• Material provided:
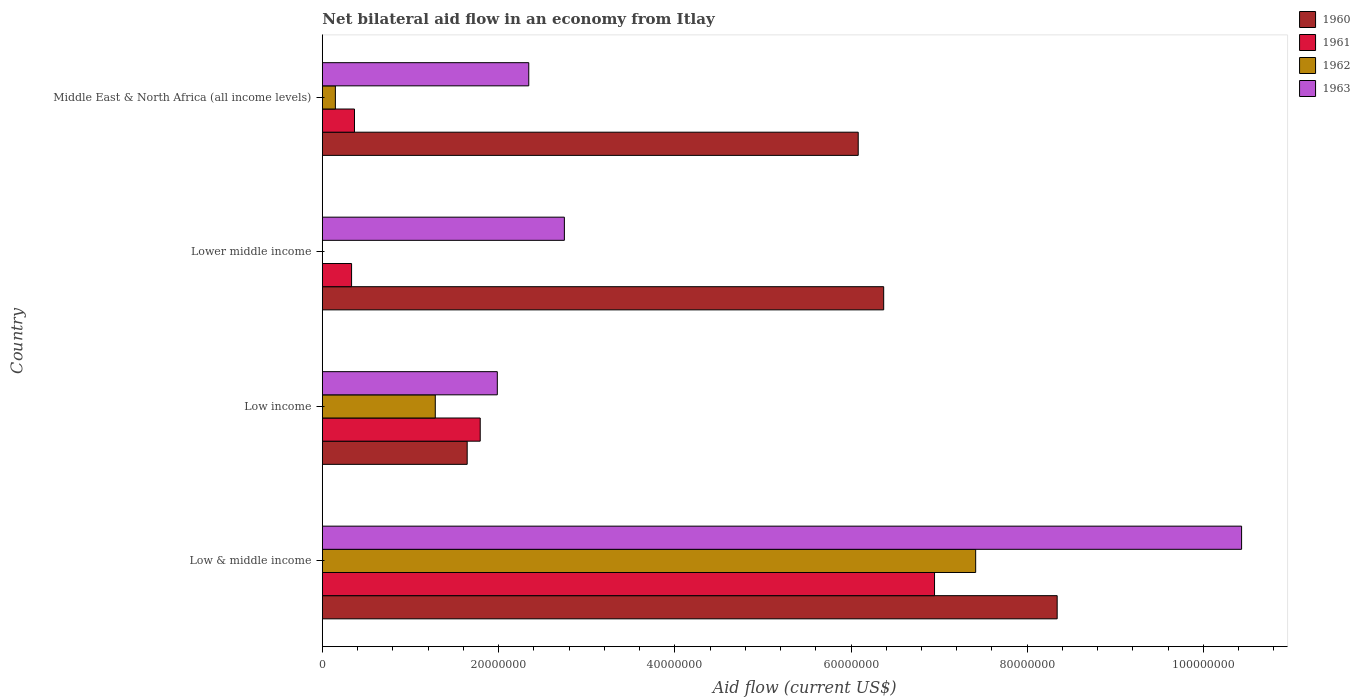How many different coloured bars are there?
Give a very brief answer. 4. How many groups of bars are there?
Offer a terse response. 4. Are the number of bars per tick equal to the number of legend labels?
Offer a very short reply. No. How many bars are there on the 1st tick from the top?
Your answer should be compact. 4. How many bars are there on the 3rd tick from the bottom?
Your response must be concise. 3. What is the label of the 1st group of bars from the top?
Provide a short and direct response. Middle East & North Africa (all income levels). In how many cases, is the number of bars for a given country not equal to the number of legend labels?
Give a very brief answer. 1. What is the net bilateral aid flow in 1963 in Middle East & North Africa (all income levels)?
Make the answer very short. 2.34e+07. Across all countries, what is the maximum net bilateral aid flow in 1961?
Make the answer very short. 6.95e+07. Across all countries, what is the minimum net bilateral aid flow in 1960?
Your answer should be very brief. 1.64e+07. In which country was the net bilateral aid flow in 1962 maximum?
Your answer should be very brief. Low & middle income. What is the total net bilateral aid flow in 1962 in the graph?
Provide a short and direct response. 8.84e+07. What is the difference between the net bilateral aid flow in 1963 in Low income and that in Lower middle income?
Give a very brief answer. -7.61e+06. What is the difference between the net bilateral aid flow in 1962 in Lower middle income and the net bilateral aid flow in 1963 in Low & middle income?
Give a very brief answer. -1.04e+08. What is the average net bilateral aid flow in 1960 per country?
Offer a terse response. 5.61e+07. What is the difference between the net bilateral aid flow in 1960 and net bilateral aid flow in 1963 in Middle East & North Africa (all income levels)?
Offer a very short reply. 3.74e+07. In how many countries, is the net bilateral aid flow in 1963 greater than 76000000 US$?
Your response must be concise. 1. What is the ratio of the net bilateral aid flow in 1963 in Low & middle income to that in Lower middle income?
Provide a succinct answer. 3.8. Is the net bilateral aid flow in 1963 in Low income less than that in Lower middle income?
Give a very brief answer. Yes. What is the difference between the highest and the second highest net bilateral aid flow in 1963?
Offer a very short reply. 7.69e+07. What is the difference between the highest and the lowest net bilateral aid flow in 1960?
Offer a terse response. 6.70e+07. In how many countries, is the net bilateral aid flow in 1963 greater than the average net bilateral aid flow in 1963 taken over all countries?
Provide a short and direct response. 1. Is the sum of the net bilateral aid flow in 1961 in Lower middle income and Middle East & North Africa (all income levels) greater than the maximum net bilateral aid flow in 1963 across all countries?
Ensure brevity in your answer.  No. Is it the case that in every country, the sum of the net bilateral aid flow in 1962 and net bilateral aid flow in 1961 is greater than the net bilateral aid flow in 1960?
Give a very brief answer. No. How many countries are there in the graph?
Your answer should be compact. 4. What is the difference between two consecutive major ticks on the X-axis?
Provide a short and direct response. 2.00e+07. Does the graph contain grids?
Keep it short and to the point. No. Where does the legend appear in the graph?
Provide a short and direct response. Top right. What is the title of the graph?
Ensure brevity in your answer.  Net bilateral aid flow in an economy from Itlay. Does "1989" appear as one of the legend labels in the graph?
Ensure brevity in your answer.  No. What is the label or title of the Y-axis?
Offer a terse response. Country. What is the Aid flow (current US$) of 1960 in Low & middle income?
Keep it short and to the point. 8.34e+07. What is the Aid flow (current US$) of 1961 in Low & middle income?
Your response must be concise. 6.95e+07. What is the Aid flow (current US$) in 1962 in Low & middle income?
Your response must be concise. 7.42e+07. What is the Aid flow (current US$) of 1963 in Low & middle income?
Ensure brevity in your answer.  1.04e+08. What is the Aid flow (current US$) in 1960 in Low income?
Ensure brevity in your answer.  1.64e+07. What is the Aid flow (current US$) in 1961 in Low income?
Give a very brief answer. 1.79e+07. What is the Aid flow (current US$) of 1962 in Low income?
Make the answer very short. 1.28e+07. What is the Aid flow (current US$) in 1963 in Low income?
Offer a very short reply. 1.99e+07. What is the Aid flow (current US$) of 1960 in Lower middle income?
Your answer should be compact. 6.37e+07. What is the Aid flow (current US$) of 1961 in Lower middle income?
Provide a short and direct response. 3.32e+06. What is the Aid flow (current US$) in 1963 in Lower middle income?
Ensure brevity in your answer.  2.75e+07. What is the Aid flow (current US$) of 1960 in Middle East & North Africa (all income levels)?
Provide a succinct answer. 6.08e+07. What is the Aid flow (current US$) in 1961 in Middle East & North Africa (all income levels)?
Ensure brevity in your answer.  3.65e+06. What is the Aid flow (current US$) in 1962 in Middle East & North Africa (all income levels)?
Offer a very short reply. 1.48e+06. What is the Aid flow (current US$) of 1963 in Middle East & North Africa (all income levels)?
Your answer should be compact. 2.34e+07. Across all countries, what is the maximum Aid flow (current US$) in 1960?
Your answer should be very brief. 8.34e+07. Across all countries, what is the maximum Aid flow (current US$) in 1961?
Offer a terse response. 6.95e+07. Across all countries, what is the maximum Aid flow (current US$) of 1962?
Your response must be concise. 7.42e+07. Across all countries, what is the maximum Aid flow (current US$) of 1963?
Provide a short and direct response. 1.04e+08. Across all countries, what is the minimum Aid flow (current US$) of 1960?
Your response must be concise. 1.64e+07. Across all countries, what is the minimum Aid flow (current US$) of 1961?
Offer a terse response. 3.32e+06. Across all countries, what is the minimum Aid flow (current US$) in 1962?
Your response must be concise. 0. Across all countries, what is the minimum Aid flow (current US$) of 1963?
Give a very brief answer. 1.99e+07. What is the total Aid flow (current US$) in 1960 in the graph?
Provide a short and direct response. 2.24e+08. What is the total Aid flow (current US$) in 1961 in the graph?
Offer a very short reply. 9.44e+07. What is the total Aid flow (current US$) of 1962 in the graph?
Make the answer very short. 8.84e+07. What is the total Aid flow (current US$) in 1963 in the graph?
Ensure brevity in your answer.  1.75e+08. What is the difference between the Aid flow (current US$) of 1960 in Low & middle income and that in Low income?
Make the answer very short. 6.70e+07. What is the difference between the Aid flow (current US$) in 1961 in Low & middle income and that in Low income?
Provide a succinct answer. 5.16e+07. What is the difference between the Aid flow (current US$) in 1962 in Low & middle income and that in Low income?
Ensure brevity in your answer.  6.13e+07. What is the difference between the Aid flow (current US$) in 1963 in Low & middle income and that in Low income?
Give a very brief answer. 8.45e+07. What is the difference between the Aid flow (current US$) of 1960 in Low & middle income and that in Lower middle income?
Make the answer very short. 1.97e+07. What is the difference between the Aid flow (current US$) in 1961 in Low & middle income and that in Lower middle income?
Make the answer very short. 6.62e+07. What is the difference between the Aid flow (current US$) of 1963 in Low & middle income and that in Lower middle income?
Provide a succinct answer. 7.69e+07. What is the difference between the Aid flow (current US$) of 1960 in Low & middle income and that in Middle East & North Africa (all income levels)?
Make the answer very short. 2.26e+07. What is the difference between the Aid flow (current US$) of 1961 in Low & middle income and that in Middle East & North Africa (all income levels)?
Your answer should be compact. 6.58e+07. What is the difference between the Aid flow (current US$) in 1962 in Low & middle income and that in Middle East & North Africa (all income levels)?
Offer a terse response. 7.27e+07. What is the difference between the Aid flow (current US$) of 1963 in Low & middle income and that in Middle East & North Africa (all income levels)?
Make the answer very short. 8.09e+07. What is the difference between the Aid flow (current US$) of 1960 in Low income and that in Lower middle income?
Provide a succinct answer. -4.73e+07. What is the difference between the Aid flow (current US$) of 1961 in Low income and that in Lower middle income?
Your response must be concise. 1.46e+07. What is the difference between the Aid flow (current US$) in 1963 in Low income and that in Lower middle income?
Give a very brief answer. -7.61e+06. What is the difference between the Aid flow (current US$) of 1960 in Low income and that in Middle East & North Africa (all income levels)?
Give a very brief answer. -4.44e+07. What is the difference between the Aid flow (current US$) of 1961 in Low income and that in Middle East & North Africa (all income levels)?
Provide a short and direct response. 1.43e+07. What is the difference between the Aid flow (current US$) of 1962 in Low income and that in Middle East & North Africa (all income levels)?
Provide a succinct answer. 1.13e+07. What is the difference between the Aid flow (current US$) in 1963 in Low income and that in Middle East & North Africa (all income levels)?
Provide a short and direct response. -3.57e+06. What is the difference between the Aid flow (current US$) in 1960 in Lower middle income and that in Middle East & North Africa (all income levels)?
Keep it short and to the point. 2.89e+06. What is the difference between the Aid flow (current US$) of 1961 in Lower middle income and that in Middle East & North Africa (all income levels)?
Offer a very short reply. -3.30e+05. What is the difference between the Aid flow (current US$) in 1963 in Lower middle income and that in Middle East & North Africa (all income levels)?
Provide a succinct answer. 4.04e+06. What is the difference between the Aid flow (current US$) of 1960 in Low & middle income and the Aid flow (current US$) of 1961 in Low income?
Your answer should be compact. 6.55e+07. What is the difference between the Aid flow (current US$) in 1960 in Low & middle income and the Aid flow (current US$) in 1962 in Low income?
Your answer should be compact. 7.06e+07. What is the difference between the Aid flow (current US$) in 1960 in Low & middle income and the Aid flow (current US$) in 1963 in Low income?
Make the answer very short. 6.35e+07. What is the difference between the Aid flow (current US$) of 1961 in Low & middle income and the Aid flow (current US$) of 1962 in Low income?
Your answer should be compact. 5.67e+07. What is the difference between the Aid flow (current US$) in 1961 in Low & middle income and the Aid flow (current US$) in 1963 in Low income?
Offer a very short reply. 4.96e+07. What is the difference between the Aid flow (current US$) in 1962 in Low & middle income and the Aid flow (current US$) in 1963 in Low income?
Keep it short and to the point. 5.43e+07. What is the difference between the Aid flow (current US$) in 1960 in Low & middle income and the Aid flow (current US$) in 1961 in Lower middle income?
Provide a succinct answer. 8.01e+07. What is the difference between the Aid flow (current US$) in 1960 in Low & middle income and the Aid flow (current US$) in 1963 in Lower middle income?
Offer a terse response. 5.59e+07. What is the difference between the Aid flow (current US$) in 1961 in Low & middle income and the Aid flow (current US$) in 1963 in Lower middle income?
Give a very brief answer. 4.20e+07. What is the difference between the Aid flow (current US$) in 1962 in Low & middle income and the Aid flow (current US$) in 1963 in Lower middle income?
Give a very brief answer. 4.67e+07. What is the difference between the Aid flow (current US$) of 1960 in Low & middle income and the Aid flow (current US$) of 1961 in Middle East & North Africa (all income levels)?
Ensure brevity in your answer.  7.98e+07. What is the difference between the Aid flow (current US$) in 1960 in Low & middle income and the Aid flow (current US$) in 1962 in Middle East & North Africa (all income levels)?
Provide a short and direct response. 8.19e+07. What is the difference between the Aid flow (current US$) of 1960 in Low & middle income and the Aid flow (current US$) of 1963 in Middle East & North Africa (all income levels)?
Provide a short and direct response. 6.00e+07. What is the difference between the Aid flow (current US$) in 1961 in Low & middle income and the Aid flow (current US$) in 1962 in Middle East & North Africa (all income levels)?
Offer a very short reply. 6.80e+07. What is the difference between the Aid flow (current US$) in 1961 in Low & middle income and the Aid flow (current US$) in 1963 in Middle East & North Africa (all income levels)?
Your answer should be compact. 4.60e+07. What is the difference between the Aid flow (current US$) of 1962 in Low & middle income and the Aid flow (current US$) of 1963 in Middle East & North Africa (all income levels)?
Ensure brevity in your answer.  5.07e+07. What is the difference between the Aid flow (current US$) in 1960 in Low income and the Aid flow (current US$) in 1961 in Lower middle income?
Give a very brief answer. 1.31e+07. What is the difference between the Aid flow (current US$) in 1960 in Low income and the Aid flow (current US$) in 1963 in Lower middle income?
Provide a short and direct response. -1.10e+07. What is the difference between the Aid flow (current US$) in 1961 in Low income and the Aid flow (current US$) in 1963 in Lower middle income?
Make the answer very short. -9.55e+06. What is the difference between the Aid flow (current US$) of 1962 in Low income and the Aid flow (current US$) of 1963 in Lower middle income?
Provide a short and direct response. -1.46e+07. What is the difference between the Aid flow (current US$) in 1960 in Low income and the Aid flow (current US$) in 1961 in Middle East & North Africa (all income levels)?
Keep it short and to the point. 1.28e+07. What is the difference between the Aid flow (current US$) in 1960 in Low income and the Aid flow (current US$) in 1962 in Middle East & North Africa (all income levels)?
Make the answer very short. 1.50e+07. What is the difference between the Aid flow (current US$) in 1960 in Low income and the Aid flow (current US$) in 1963 in Middle East & North Africa (all income levels)?
Your answer should be very brief. -6.99e+06. What is the difference between the Aid flow (current US$) in 1961 in Low income and the Aid flow (current US$) in 1962 in Middle East & North Africa (all income levels)?
Your answer should be compact. 1.64e+07. What is the difference between the Aid flow (current US$) in 1961 in Low income and the Aid flow (current US$) in 1963 in Middle East & North Africa (all income levels)?
Ensure brevity in your answer.  -5.51e+06. What is the difference between the Aid flow (current US$) in 1962 in Low income and the Aid flow (current US$) in 1963 in Middle East & North Africa (all income levels)?
Ensure brevity in your answer.  -1.06e+07. What is the difference between the Aid flow (current US$) of 1960 in Lower middle income and the Aid flow (current US$) of 1961 in Middle East & North Africa (all income levels)?
Give a very brief answer. 6.01e+07. What is the difference between the Aid flow (current US$) in 1960 in Lower middle income and the Aid flow (current US$) in 1962 in Middle East & North Africa (all income levels)?
Your answer should be very brief. 6.22e+07. What is the difference between the Aid flow (current US$) of 1960 in Lower middle income and the Aid flow (current US$) of 1963 in Middle East & North Africa (all income levels)?
Provide a short and direct response. 4.03e+07. What is the difference between the Aid flow (current US$) of 1961 in Lower middle income and the Aid flow (current US$) of 1962 in Middle East & North Africa (all income levels)?
Your response must be concise. 1.84e+06. What is the difference between the Aid flow (current US$) in 1961 in Lower middle income and the Aid flow (current US$) in 1963 in Middle East & North Africa (all income levels)?
Your answer should be very brief. -2.01e+07. What is the average Aid flow (current US$) of 1960 per country?
Give a very brief answer. 5.61e+07. What is the average Aid flow (current US$) in 1961 per country?
Provide a short and direct response. 2.36e+07. What is the average Aid flow (current US$) in 1962 per country?
Provide a short and direct response. 2.21e+07. What is the average Aid flow (current US$) in 1963 per country?
Give a very brief answer. 4.38e+07. What is the difference between the Aid flow (current US$) in 1960 and Aid flow (current US$) in 1961 in Low & middle income?
Provide a succinct answer. 1.39e+07. What is the difference between the Aid flow (current US$) in 1960 and Aid flow (current US$) in 1962 in Low & middle income?
Make the answer very short. 9.25e+06. What is the difference between the Aid flow (current US$) in 1960 and Aid flow (current US$) in 1963 in Low & middle income?
Offer a terse response. -2.09e+07. What is the difference between the Aid flow (current US$) of 1961 and Aid flow (current US$) of 1962 in Low & middle income?
Your response must be concise. -4.67e+06. What is the difference between the Aid flow (current US$) in 1961 and Aid flow (current US$) in 1963 in Low & middle income?
Keep it short and to the point. -3.48e+07. What is the difference between the Aid flow (current US$) of 1962 and Aid flow (current US$) of 1963 in Low & middle income?
Make the answer very short. -3.02e+07. What is the difference between the Aid flow (current US$) of 1960 and Aid flow (current US$) of 1961 in Low income?
Your answer should be very brief. -1.48e+06. What is the difference between the Aid flow (current US$) of 1960 and Aid flow (current US$) of 1962 in Low income?
Ensure brevity in your answer.  3.62e+06. What is the difference between the Aid flow (current US$) of 1960 and Aid flow (current US$) of 1963 in Low income?
Make the answer very short. -3.42e+06. What is the difference between the Aid flow (current US$) of 1961 and Aid flow (current US$) of 1962 in Low income?
Offer a terse response. 5.10e+06. What is the difference between the Aid flow (current US$) of 1961 and Aid flow (current US$) of 1963 in Low income?
Give a very brief answer. -1.94e+06. What is the difference between the Aid flow (current US$) of 1962 and Aid flow (current US$) of 1963 in Low income?
Provide a succinct answer. -7.04e+06. What is the difference between the Aid flow (current US$) of 1960 and Aid flow (current US$) of 1961 in Lower middle income?
Your answer should be compact. 6.04e+07. What is the difference between the Aid flow (current US$) in 1960 and Aid flow (current US$) in 1963 in Lower middle income?
Your answer should be compact. 3.62e+07. What is the difference between the Aid flow (current US$) of 1961 and Aid flow (current US$) of 1963 in Lower middle income?
Keep it short and to the point. -2.42e+07. What is the difference between the Aid flow (current US$) in 1960 and Aid flow (current US$) in 1961 in Middle East & North Africa (all income levels)?
Give a very brief answer. 5.72e+07. What is the difference between the Aid flow (current US$) in 1960 and Aid flow (current US$) in 1962 in Middle East & North Africa (all income levels)?
Your response must be concise. 5.93e+07. What is the difference between the Aid flow (current US$) in 1960 and Aid flow (current US$) in 1963 in Middle East & North Africa (all income levels)?
Offer a terse response. 3.74e+07. What is the difference between the Aid flow (current US$) of 1961 and Aid flow (current US$) of 1962 in Middle East & North Africa (all income levels)?
Your answer should be very brief. 2.17e+06. What is the difference between the Aid flow (current US$) in 1961 and Aid flow (current US$) in 1963 in Middle East & North Africa (all income levels)?
Offer a very short reply. -1.98e+07. What is the difference between the Aid flow (current US$) in 1962 and Aid flow (current US$) in 1963 in Middle East & North Africa (all income levels)?
Your answer should be compact. -2.20e+07. What is the ratio of the Aid flow (current US$) in 1960 in Low & middle income to that in Low income?
Your response must be concise. 5.07. What is the ratio of the Aid flow (current US$) in 1961 in Low & middle income to that in Low income?
Offer a terse response. 3.88. What is the ratio of the Aid flow (current US$) in 1962 in Low & middle income to that in Low income?
Your answer should be compact. 5.78. What is the ratio of the Aid flow (current US$) of 1963 in Low & middle income to that in Low income?
Provide a short and direct response. 5.25. What is the ratio of the Aid flow (current US$) of 1960 in Low & middle income to that in Lower middle income?
Provide a succinct answer. 1.31. What is the ratio of the Aid flow (current US$) of 1961 in Low & middle income to that in Lower middle income?
Provide a short and direct response. 20.93. What is the ratio of the Aid flow (current US$) in 1963 in Low & middle income to that in Lower middle income?
Your answer should be compact. 3.8. What is the ratio of the Aid flow (current US$) in 1960 in Low & middle income to that in Middle East & North Africa (all income levels)?
Provide a short and direct response. 1.37. What is the ratio of the Aid flow (current US$) in 1961 in Low & middle income to that in Middle East & North Africa (all income levels)?
Ensure brevity in your answer.  19.04. What is the ratio of the Aid flow (current US$) of 1962 in Low & middle income to that in Middle East & North Africa (all income levels)?
Provide a succinct answer. 50.1. What is the ratio of the Aid flow (current US$) of 1963 in Low & middle income to that in Middle East & North Africa (all income levels)?
Give a very brief answer. 4.45. What is the ratio of the Aid flow (current US$) in 1960 in Low income to that in Lower middle income?
Your response must be concise. 0.26. What is the ratio of the Aid flow (current US$) of 1961 in Low income to that in Lower middle income?
Make the answer very short. 5.4. What is the ratio of the Aid flow (current US$) in 1963 in Low income to that in Lower middle income?
Offer a terse response. 0.72. What is the ratio of the Aid flow (current US$) of 1960 in Low income to that in Middle East & North Africa (all income levels)?
Make the answer very short. 0.27. What is the ratio of the Aid flow (current US$) in 1961 in Low income to that in Middle East & North Africa (all income levels)?
Your answer should be compact. 4.91. What is the ratio of the Aid flow (current US$) in 1962 in Low income to that in Middle East & North Africa (all income levels)?
Ensure brevity in your answer.  8.66. What is the ratio of the Aid flow (current US$) of 1963 in Low income to that in Middle East & North Africa (all income levels)?
Provide a short and direct response. 0.85. What is the ratio of the Aid flow (current US$) of 1960 in Lower middle income to that in Middle East & North Africa (all income levels)?
Provide a succinct answer. 1.05. What is the ratio of the Aid flow (current US$) of 1961 in Lower middle income to that in Middle East & North Africa (all income levels)?
Your answer should be very brief. 0.91. What is the ratio of the Aid flow (current US$) of 1963 in Lower middle income to that in Middle East & North Africa (all income levels)?
Keep it short and to the point. 1.17. What is the difference between the highest and the second highest Aid flow (current US$) of 1960?
Keep it short and to the point. 1.97e+07. What is the difference between the highest and the second highest Aid flow (current US$) in 1961?
Provide a short and direct response. 5.16e+07. What is the difference between the highest and the second highest Aid flow (current US$) of 1962?
Provide a short and direct response. 6.13e+07. What is the difference between the highest and the second highest Aid flow (current US$) in 1963?
Provide a succinct answer. 7.69e+07. What is the difference between the highest and the lowest Aid flow (current US$) of 1960?
Your answer should be compact. 6.70e+07. What is the difference between the highest and the lowest Aid flow (current US$) of 1961?
Offer a terse response. 6.62e+07. What is the difference between the highest and the lowest Aid flow (current US$) of 1962?
Offer a terse response. 7.42e+07. What is the difference between the highest and the lowest Aid flow (current US$) of 1963?
Give a very brief answer. 8.45e+07.

• Task objective: In the records above, find each line holding "appear" and copy it.

• Result of this exercise:
Keep it short and to the point. No. Where does the legend appear in the graph?
Ensure brevity in your answer.  Net bilateral aid flow in an economy from Itlay. Does "1989" appear as one of the legend labels in the graph?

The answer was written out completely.